Bonne lecture à toutes et tous

ChatGPT : l’IA qui fascine mais qui inquiète tout autant

La version gratuite de ChatGPT 3 défraie la chronique depuis près d’un an. Cette IA conversationnelle interroge et interpelle toute personne qui essaie de communiquer avec elle. Il est important de la tester car cela permet de constater qu’elle répond aux questions de manière relativement claire et rapide. De prime abord, les capacités de l’IA semblent impressionnantes. 

 

Vous pouvez tester la version gratuite de cette intelligence artificielle conversationnelle, en vous connectant et en vous inscrivant sur le site d’OpenAI https://chat.openai.com/auth/login. Vous pouvez tout d’abord commencer par discuter avec elle, l’interroger sur un sujet que vous connaissez bien, comme par exemple « la vérification des sources », pour constater la pertinence et la cohérence de ses réponses et de sa manière de communiquer. Si vous prenez ensuite un peu de recul, vous pouvez réfléchir à l’usage pertinent que vous pouvez faire de cet outil. Peut-être aurez-vous envie de vous améliorer en anglais et donc de pouvoir discuter en anglais avec ChatGPT et d’être corrigé par ce dernier si vous faites des erreurs. Vous pouvez dès lors créer un « prompt1 » (commande en langage naturel), et faire de ChatGPT votre « professeur d’anglais personnalisé ». Ainsi, lorsque vous lui parlerez en anglais, il corrigera d’abord vos erreurs, puis vous donnera la règle grammaticale associée et enfin vous proposera un « trick » (aide-mémoire) pour que vous ne fassiez plus la même erreur. Les capacités de cette IA sont surprenantes, oui, mais aussi inquiétantes car l’on peut aisément se questionner sur les conséquences de cette invention technologique, surtout quand elle est accessible à tous.

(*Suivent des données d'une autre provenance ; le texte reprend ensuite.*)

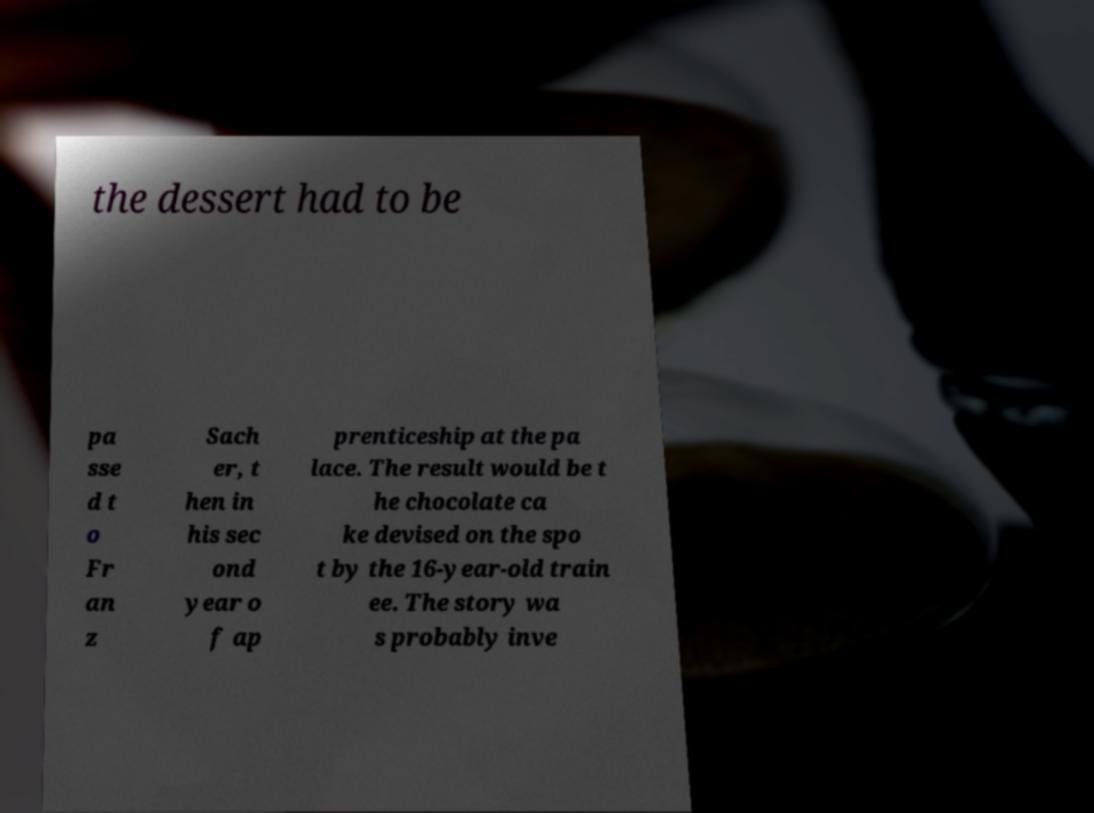Could you assist in decoding the text presented in this image and type it out clearly? the dessert had to be pa sse d t o Fr an z Sach er, t hen in his sec ond year o f ap prenticeship at the pa lace. The result would be t he chocolate ca ke devised on the spo t by the 16-year-old train ee. The story wa s probably inve

ChatGPT un modèle de langage développé par OpenAI

GPT (Generative Pre-trained Transformer) est une famille de modèles de langage développé par OpenAI, une entreprise spécialisée en intelligence artificielle (IA) basée à San Francisco. ChatGPT s’appuie sur GPT 3.5 dans sa version gratuite et accessible à tous et sur le dernier modèle GPT 4 pour sa version payante aux performances encore plus remarquables. Les modèles de la famille GPT utilisent l’apprentissage automatique pour générer du texte en se basant sur des milliards de séquences de mots provenant de différentes sources en ligne. Ils sont entraînés sur de vastes ensembles de données textuelles, ce qui leur permet de générer des réponses cohérentes et pertinentes aux requêtes de l’utilisateur. Ces modèles sont ensuite entraînés spécifiquement pour suivre des instructions et produire du texte au contenu acceptable, ce qui leur permet d’être utilisés par le plus grand nombre dans la version conversationnelle de ChatGPT. ChatGPT est donc un chatbot dont le moteur est un modèle GPT.

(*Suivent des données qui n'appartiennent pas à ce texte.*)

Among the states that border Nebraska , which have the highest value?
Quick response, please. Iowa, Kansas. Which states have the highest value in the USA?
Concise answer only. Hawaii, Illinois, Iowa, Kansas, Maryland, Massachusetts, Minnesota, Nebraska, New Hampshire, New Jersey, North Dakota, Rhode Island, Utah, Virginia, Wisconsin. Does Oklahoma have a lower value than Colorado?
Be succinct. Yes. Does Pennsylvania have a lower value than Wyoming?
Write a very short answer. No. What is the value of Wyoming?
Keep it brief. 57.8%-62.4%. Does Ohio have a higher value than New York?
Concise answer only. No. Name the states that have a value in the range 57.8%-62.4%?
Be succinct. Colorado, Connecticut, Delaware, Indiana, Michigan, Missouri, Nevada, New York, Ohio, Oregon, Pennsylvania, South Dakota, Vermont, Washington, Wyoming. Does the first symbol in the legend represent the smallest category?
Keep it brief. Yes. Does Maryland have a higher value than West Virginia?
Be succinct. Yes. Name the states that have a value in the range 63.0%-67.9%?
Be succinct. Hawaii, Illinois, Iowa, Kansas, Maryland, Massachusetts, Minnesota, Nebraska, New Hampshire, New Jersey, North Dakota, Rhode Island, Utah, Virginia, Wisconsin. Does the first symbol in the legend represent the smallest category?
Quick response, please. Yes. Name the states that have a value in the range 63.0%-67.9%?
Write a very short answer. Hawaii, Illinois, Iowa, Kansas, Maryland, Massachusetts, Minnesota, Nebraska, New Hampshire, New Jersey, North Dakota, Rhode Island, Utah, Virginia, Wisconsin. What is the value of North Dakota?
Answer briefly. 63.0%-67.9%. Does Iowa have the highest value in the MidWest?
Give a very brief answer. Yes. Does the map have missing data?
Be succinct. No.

ChatGPT est souvent utilisé dans des chatbots et des applications de messagerie instantanée, fournissant ainsi une meilleure expérience utilisateur, plus personnalisée et plus efficace. Il peut également être utilisé pour traduire automatiquement des textes dans différentes langues, rédiger des contenus pour des sites web, blogs et autres. Enfin, il est utilisé aussi pour générer des textes à partir de quelques mots-clés donnés en entrée.

Si cette IA plait autant aux utilisateurs (entreprises et internautes), c’est qu’elle permet d’améliorer l’efficacité et l’expérience utilisateur en s’adaptant aux préférences et au langage de celui-ci, tout en répondant de manière instantanée et précise à ses questions.

 

ChatGPT, un modèle de langage basé sur la prédiction

Il faut rappeler, tout d’abord, que ChatGPT est un « large langage model » (grand modèle de langage) qui a été entraîné sur des données ne dépassant pas 2021 et qu’il n’est pas connecté à Internet.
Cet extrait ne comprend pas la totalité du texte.